▶ _Input records_
-- Opening Marker --

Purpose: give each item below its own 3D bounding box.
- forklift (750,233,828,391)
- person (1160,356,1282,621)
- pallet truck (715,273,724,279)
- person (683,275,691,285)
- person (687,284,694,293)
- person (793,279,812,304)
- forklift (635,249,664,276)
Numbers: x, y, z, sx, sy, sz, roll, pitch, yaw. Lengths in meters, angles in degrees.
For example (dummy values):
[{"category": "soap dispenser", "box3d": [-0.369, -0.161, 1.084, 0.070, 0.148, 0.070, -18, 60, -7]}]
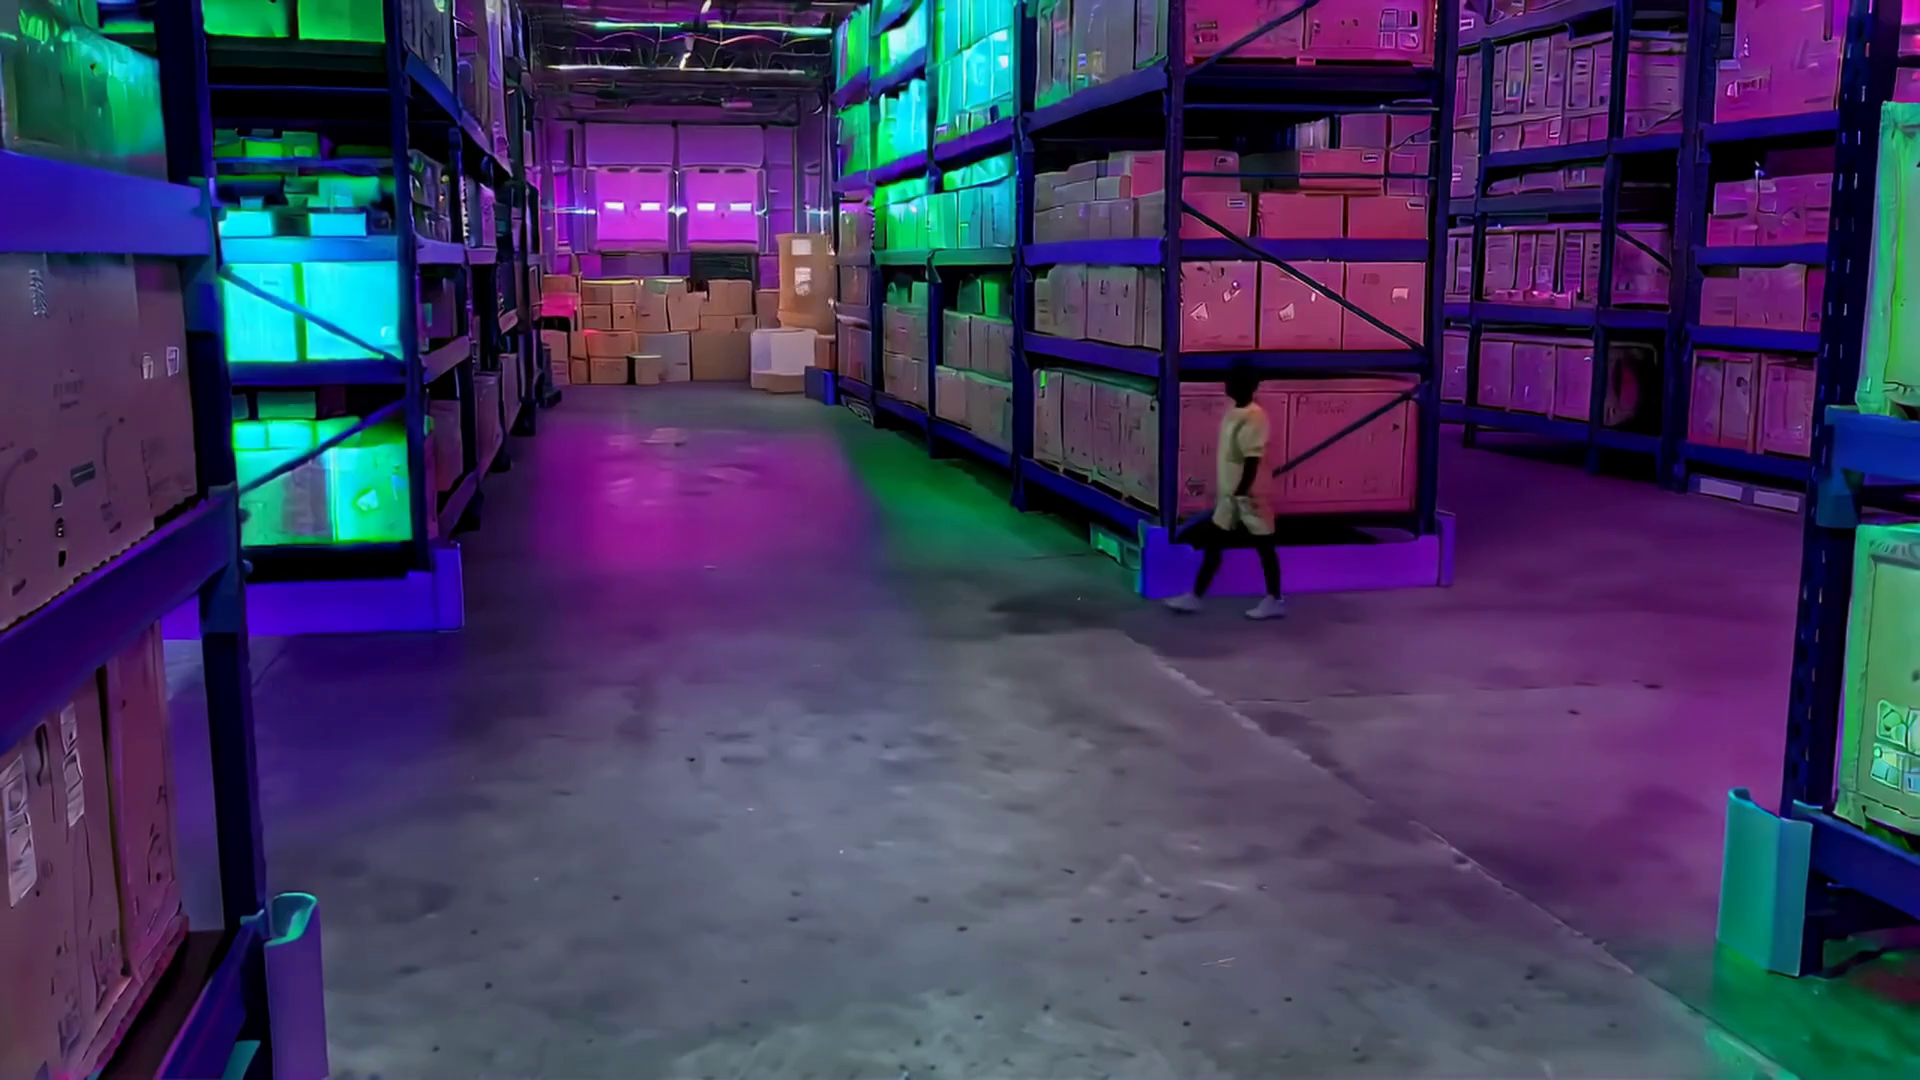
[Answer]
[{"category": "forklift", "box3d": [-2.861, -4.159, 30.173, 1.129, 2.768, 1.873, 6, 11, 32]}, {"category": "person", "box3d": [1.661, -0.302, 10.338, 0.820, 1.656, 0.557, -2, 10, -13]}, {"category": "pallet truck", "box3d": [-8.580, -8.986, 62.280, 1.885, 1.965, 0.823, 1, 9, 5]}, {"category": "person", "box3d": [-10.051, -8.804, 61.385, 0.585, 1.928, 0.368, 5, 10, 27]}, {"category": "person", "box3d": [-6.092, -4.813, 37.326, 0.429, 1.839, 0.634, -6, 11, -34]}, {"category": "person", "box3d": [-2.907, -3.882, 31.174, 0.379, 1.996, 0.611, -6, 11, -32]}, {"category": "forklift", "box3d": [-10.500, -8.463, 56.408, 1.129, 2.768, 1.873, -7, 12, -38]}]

-- Closing Marker --
-- Opening Marker --

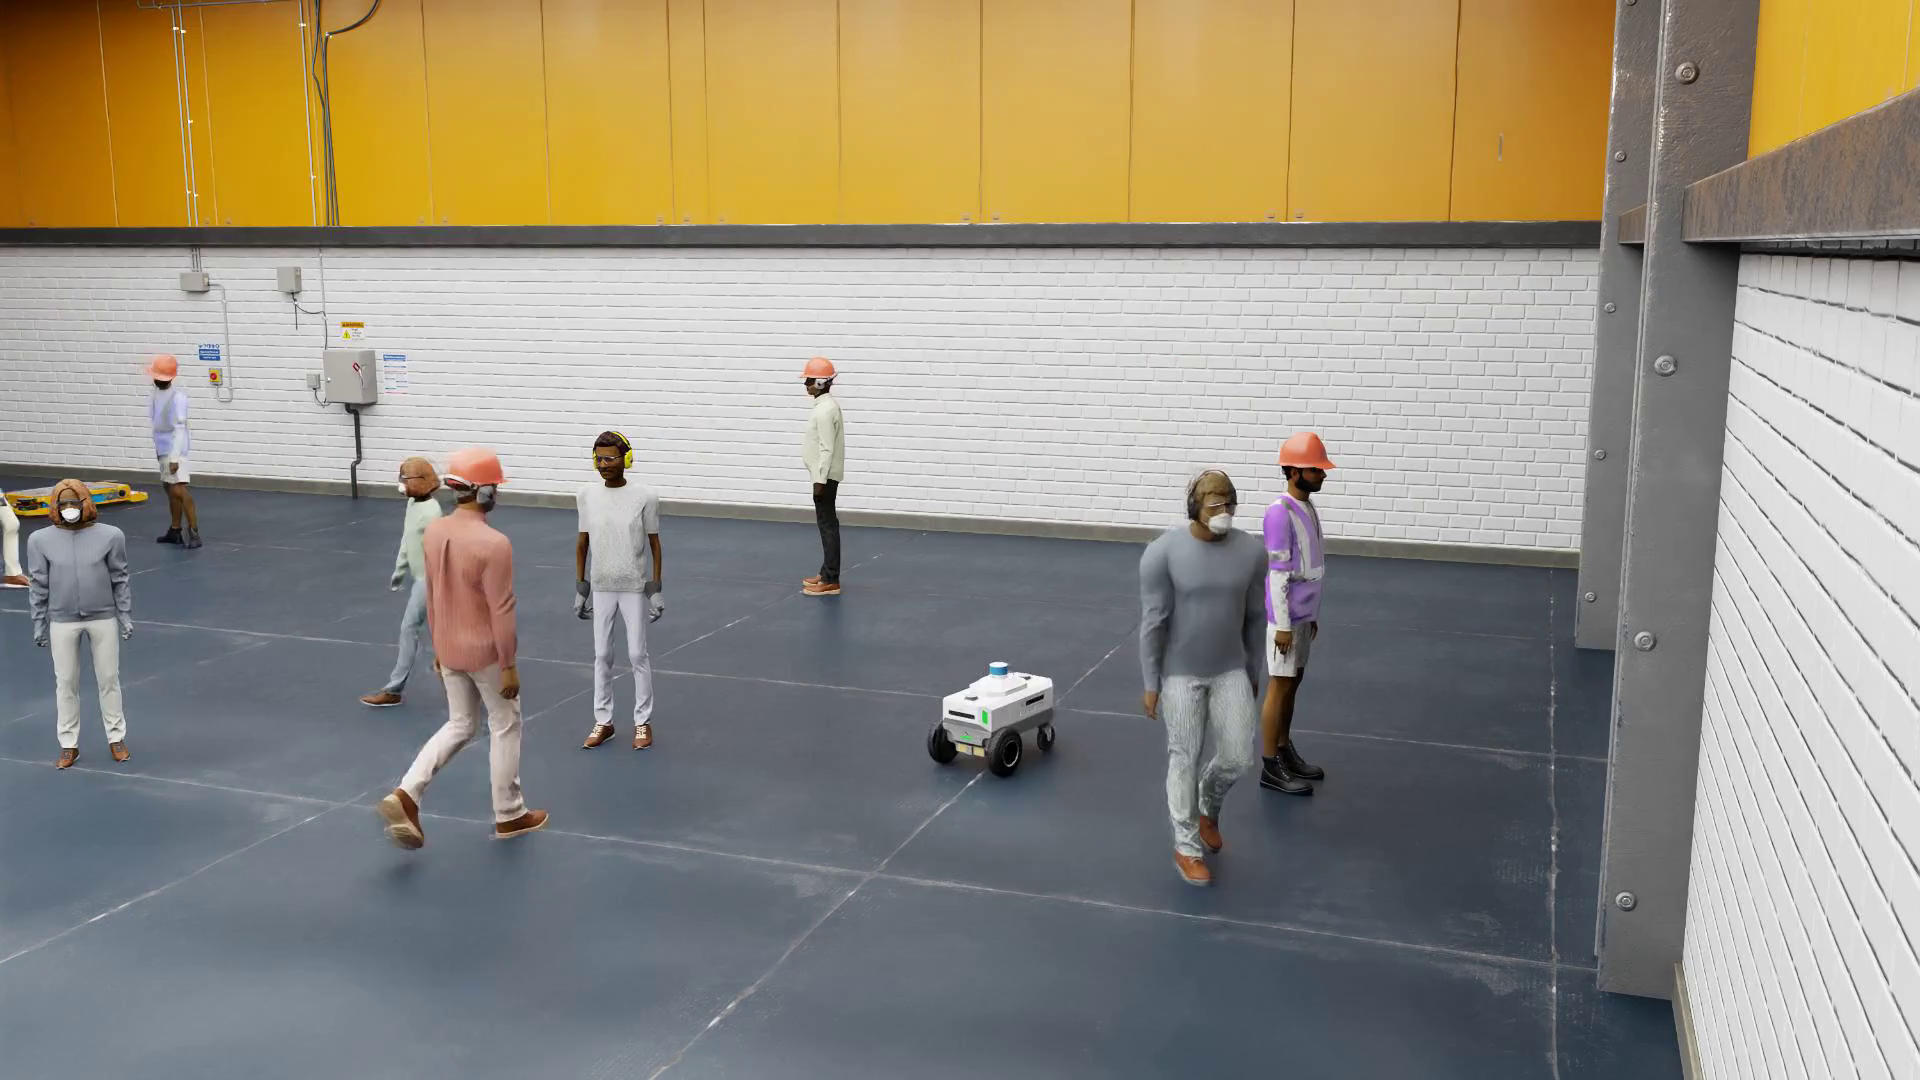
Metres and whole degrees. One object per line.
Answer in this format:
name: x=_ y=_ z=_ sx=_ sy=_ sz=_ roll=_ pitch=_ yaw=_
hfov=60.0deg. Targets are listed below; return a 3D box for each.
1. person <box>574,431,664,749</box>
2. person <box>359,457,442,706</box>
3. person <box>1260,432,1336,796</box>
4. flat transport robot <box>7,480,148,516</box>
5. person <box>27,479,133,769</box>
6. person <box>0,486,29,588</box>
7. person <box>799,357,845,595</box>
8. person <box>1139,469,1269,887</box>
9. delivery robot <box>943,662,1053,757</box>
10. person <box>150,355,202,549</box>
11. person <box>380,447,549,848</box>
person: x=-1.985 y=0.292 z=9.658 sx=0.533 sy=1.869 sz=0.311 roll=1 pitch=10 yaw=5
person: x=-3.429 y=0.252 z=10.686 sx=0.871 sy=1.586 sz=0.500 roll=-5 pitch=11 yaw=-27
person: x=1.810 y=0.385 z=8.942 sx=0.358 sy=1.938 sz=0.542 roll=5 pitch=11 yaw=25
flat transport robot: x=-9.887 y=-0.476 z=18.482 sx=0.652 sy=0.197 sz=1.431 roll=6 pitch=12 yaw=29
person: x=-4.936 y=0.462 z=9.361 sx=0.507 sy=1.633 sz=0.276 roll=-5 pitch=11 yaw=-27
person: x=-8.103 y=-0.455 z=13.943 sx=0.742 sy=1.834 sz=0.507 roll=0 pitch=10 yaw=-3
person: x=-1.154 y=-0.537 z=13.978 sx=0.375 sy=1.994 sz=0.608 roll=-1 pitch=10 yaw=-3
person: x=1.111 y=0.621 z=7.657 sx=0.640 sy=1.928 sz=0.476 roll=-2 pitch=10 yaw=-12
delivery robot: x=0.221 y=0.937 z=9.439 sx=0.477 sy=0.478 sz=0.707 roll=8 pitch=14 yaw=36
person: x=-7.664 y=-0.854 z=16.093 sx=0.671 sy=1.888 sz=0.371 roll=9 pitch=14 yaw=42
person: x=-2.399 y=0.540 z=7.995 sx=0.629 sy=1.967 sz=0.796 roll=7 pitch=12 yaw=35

-- Closing Marker --

Scan the material above for the string "below" and return the lines that hold it.

▶ _Solution to the problem_
Purpose: give each item below its own 3D bounding box.
hfov=60.0deg. Targets are listed below; return a 3D box for each.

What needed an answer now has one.